• _Assignment_
Search the entries below for the string "contain" and copy the lines that hold it.

[Dataset records]

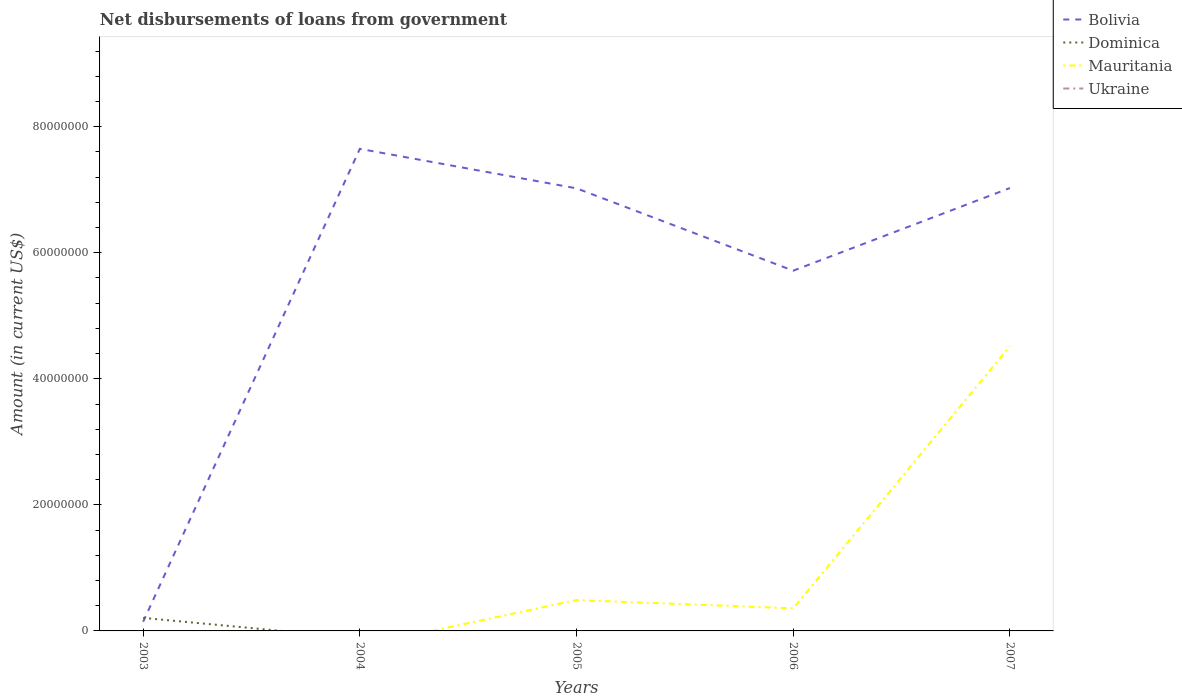How many different coloured lines are there?
Your answer should be very brief. 3. Is the number of lines equal to the number of legend labels?
Your answer should be compact. No. What is the total amount of loan disbursed from government in Bolivia in the graph?
Your answer should be very brief. 1.93e+07. What is the difference between the highest and the second highest amount of loan disbursed from government in Dominica?
Offer a very short reply. 2.07e+06. How many years are there in the graph?
Ensure brevity in your answer.  5. What is the difference between two consecutive major ticks on the Y-axis?
Your answer should be very brief. 2.00e+07. Does the graph contain any zero values?
Give a very brief answer. Yes. Does the graph contain grids?
Offer a very short reply. No. How many legend labels are there?
Make the answer very short. 4. What is the title of the graph?
Your answer should be compact. Net disbursements of loans from government. Does "Norway" appear as one of the legend labels in the graph?
Make the answer very short. No. What is the label or title of the X-axis?
Give a very brief answer. Years. What is the label or title of the Y-axis?
Provide a short and direct response. Amount (in current US$). What is the Amount (in current US$) of Bolivia in 2003?
Give a very brief answer. 1.46e+06. What is the Amount (in current US$) of Dominica in 2003?
Provide a succinct answer. 2.07e+06. What is the Amount (in current US$) of Bolivia in 2004?
Make the answer very short. 7.65e+07. What is the Amount (in current US$) in Dominica in 2004?
Ensure brevity in your answer.  0. What is the Amount (in current US$) of Ukraine in 2004?
Provide a short and direct response. 0. What is the Amount (in current US$) of Bolivia in 2005?
Make the answer very short. 7.02e+07. What is the Amount (in current US$) of Dominica in 2005?
Your answer should be very brief. 0. What is the Amount (in current US$) of Mauritania in 2005?
Offer a very short reply. 4.90e+06. What is the Amount (in current US$) of Ukraine in 2005?
Your response must be concise. 0. What is the Amount (in current US$) in Bolivia in 2006?
Keep it short and to the point. 5.72e+07. What is the Amount (in current US$) in Dominica in 2006?
Your answer should be compact. 0. What is the Amount (in current US$) in Mauritania in 2006?
Your answer should be compact. 3.58e+06. What is the Amount (in current US$) in Ukraine in 2006?
Your answer should be very brief. 0. What is the Amount (in current US$) of Bolivia in 2007?
Make the answer very short. 7.03e+07. What is the Amount (in current US$) in Dominica in 2007?
Provide a short and direct response. 0. What is the Amount (in current US$) of Mauritania in 2007?
Offer a very short reply. 4.52e+07. What is the Amount (in current US$) of Ukraine in 2007?
Provide a short and direct response. 0. Across all years, what is the maximum Amount (in current US$) in Bolivia?
Ensure brevity in your answer.  7.65e+07. Across all years, what is the maximum Amount (in current US$) in Dominica?
Make the answer very short. 2.07e+06. Across all years, what is the maximum Amount (in current US$) of Mauritania?
Give a very brief answer. 4.52e+07. Across all years, what is the minimum Amount (in current US$) of Bolivia?
Offer a terse response. 1.46e+06. What is the total Amount (in current US$) of Bolivia in the graph?
Ensure brevity in your answer.  2.76e+08. What is the total Amount (in current US$) of Dominica in the graph?
Your response must be concise. 2.07e+06. What is the total Amount (in current US$) in Mauritania in the graph?
Ensure brevity in your answer.  5.37e+07. What is the difference between the Amount (in current US$) of Bolivia in 2003 and that in 2004?
Give a very brief answer. -7.50e+07. What is the difference between the Amount (in current US$) in Bolivia in 2003 and that in 2005?
Provide a short and direct response. -6.88e+07. What is the difference between the Amount (in current US$) of Bolivia in 2003 and that in 2006?
Your answer should be very brief. -5.57e+07. What is the difference between the Amount (in current US$) in Bolivia in 2003 and that in 2007?
Make the answer very short. -6.88e+07. What is the difference between the Amount (in current US$) in Bolivia in 2004 and that in 2005?
Your answer should be compact. 6.26e+06. What is the difference between the Amount (in current US$) in Bolivia in 2004 and that in 2006?
Keep it short and to the point. 1.93e+07. What is the difference between the Amount (in current US$) in Bolivia in 2004 and that in 2007?
Offer a very short reply. 6.22e+06. What is the difference between the Amount (in current US$) in Bolivia in 2005 and that in 2006?
Keep it short and to the point. 1.31e+07. What is the difference between the Amount (in current US$) in Mauritania in 2005 and that in 2006?
Offer a terse response. 1.32e+06. What is the difference between the Amount (in current US$) of Bolivia in 2005 and that in 2007?
Your response must be concise. -4.80e+04. What is the difference between the Amount (in current US$) in Mauritania in 2005 and that in 2007?
Provide a succinct answer. -4.03e+07. What is the difference between the Amount (in current US$) of Bolivia in 2006 and that in 2007?
Provide a short and direct response. -1.31e+07. What is the difference between the Amount (in current US$) in Mauritania in 2006 and that in 2007?
Your answer should be very brief. -4.16e+07. What is the difference between the Amount (in current US$) in Bolivia in 2003 and the Amount (in current US$) in Mauritania in 2005?
Provide a succinct answer. -3.44e+06. What is the difference between the Amount (in current US$) in Dominica in 2003 and the Amount (in current US$) in Mauritania in 2005?
Provide a short and direct response. -2.83e+06. What is the difference between the Amount (in current US$) in Bolivia in 2003 and the Amount (in current US$) in Mauritania in 2006?
Your answer should be compact. -2.13e+06. What is the difference between the Amount (in current US$) in Dominica in 2003 and the Amount (in current US$) in Mauritania in 2006?
Your answer should be very brief. -1.51e+06. What is the difference between the Amount (in current US$) of Bolivia in 2003 and the Amount (in current US$) of Mauritania in 2007?
Your answer should be compact. -4.37e+07. What is the difference between the Amount (in current US$) of Dominica in 2003 and the Amount (in current US$) of Mauritania in 2007?
Keep it short and to the point. -4.31e+07. What is the difference between the Amount (in current US$) of Bolivia in 2004 and the Amount (in current US$) of Mauritania in 2005?
Your answer should be very brief. 7.16e+07. What is the difference between the Amount (in current US$) in Bolivia in 2004 and the Amount (in current US$) in Mauritania in 2006?
Keep it short and to the point. 7.29e+07. What is the difference between the Amount (in current US$) of Bolivia in 2004 and the Amount (in current US$) of Mauritania in 2007?
Offer a very short reply. 3.13e+07. What is the difference between the Amount (in current US$) of Bolivia in 2005 and the Amount (in current US$) of Mauritania in 2006?
Provide a succinct answer. 6.66e+07. What is the difference between the Amount (in current US$) of Bolivia in 2005 and the Amount (in current US$) of Mauritania in 2007?
Your answer should be very brief. 2.50e+07. What is the difference between the Amount (in current US$) of Bolivia in 2006 and the Amount (in current US$) of Mauritania in 2007?
Offer a terse response. 1.20e+07. What is the average Amount (in current US$) in Bolivia per year?
Keep it short and to the point. 5.51e+07. What is the average Amount (in current US$) of Dominica per year?
Give a very brief answer. 4.14e+05. What is the average Amount (in current US$) of Mauritania per year?
Offer a very short reply. 1.07e+07. In the year 2003, what is the difference between the Amount (in current US$) in Bolivia and Amount (in current US$) in Dominica?
Ensure brevity in your answer.  -6.12e+05. In the year 2005, what is the difference between the Amount (in current US$) in Bolivia and Amount (in current US$) in Mauritania?
Provide a short and direct response. 6.53e+07. In the year 2006, what is the difference between the Amount (in current US$) in Bolivia and Amount (in current US$) in Mauritania?
Give a very brief answer. 5.36e+07. In the year 2007, what is the difference between the Amount (in current US$) of Bolivia and Amount (in current US$) of Mauritania?
Your answer should be very brief. 2.51e+07. What is the ratio of the Amount (in current US$) in Bolivia in 2003 to that in 2004?
Offer a very short reply. 0.02. What is the ratio of the Amount (in current US$) in Bolivia in 2003 to that in 2005?
Provide a succinct answer. 0.02. What is the ratio of the Amount (in current US$) of Bolivia in 2003 to that in 2006?
Your answer should be very brief. 0.03. What is the ratio of the Amount (in current US$) in Bolivia in 2003 to that in 2007?
Your answer should be compact. 0.02. What is the ratio of the Amount (in current US$) in Bolivia in 2004 to that in 2005?
Give a very brief answer. 1.09. What is the ratio of the Amount (in current US$) in Bolivia in 2004 to that in 2006?
Make the answer very short. 1.34. What is the ratio of the Amount (in current US$) in Bolivia in 2004 to that in 2007?
Your answer should be very brief. 1.09. What is the ratio of the Amount (in current US$) in Bolivia in 2005 to that in 2006?
Give a very brief answer. 1.23. What is the ratio of the Amount (in current US$) in Mauritania in 2005 to that in 2006?
Your answer should be very brief. 1.37. What is the ratio of the Amount (in current US$) of Bolivia in 2005 to that in 2007?
Your answer should be compact. 1. What is the ratio of the Amount (in current US$) of Mauritania in 2005 to that in 2007?
Ensure brevity in your answer.  0.11. What is the ratio of the Amount (in current US$) of Bolivia in 2006 to that in 2007?
Keep it short and to the point. 0.81. What is the ratio of the Amount (in current US$) in Mauritania in 2006 to that in 2007?
Offer a very short reply. 0.08. What is the difference between the highest and the second highest Amount (in current US$) in Bolivia?
Provide a short and direct response. 6.22e+06. What is the difference between the highest and the second highest Amount (in current US$) of Mauritania?
Provide a short and direct response. 4.03e+07. What is the difference between the highest and the lowest Amount (in current US$) in Bolivia?
Your response must be concise. 7.50e+07. What is the difference between the highest and the lowest Amount (in current US$) of Dominica?
Keep it short and to the point. 2.07e+06. What is the difference between the highest and the lowest Amount (in current US$) of Mauritania?
Make the answer very short. 4.52e+07.

• _Solution_
Your answer should be very brief. 2.00e+07. Does the graph contain any zero values?
Give a very brief answer. Yes. Does the graph contain grids?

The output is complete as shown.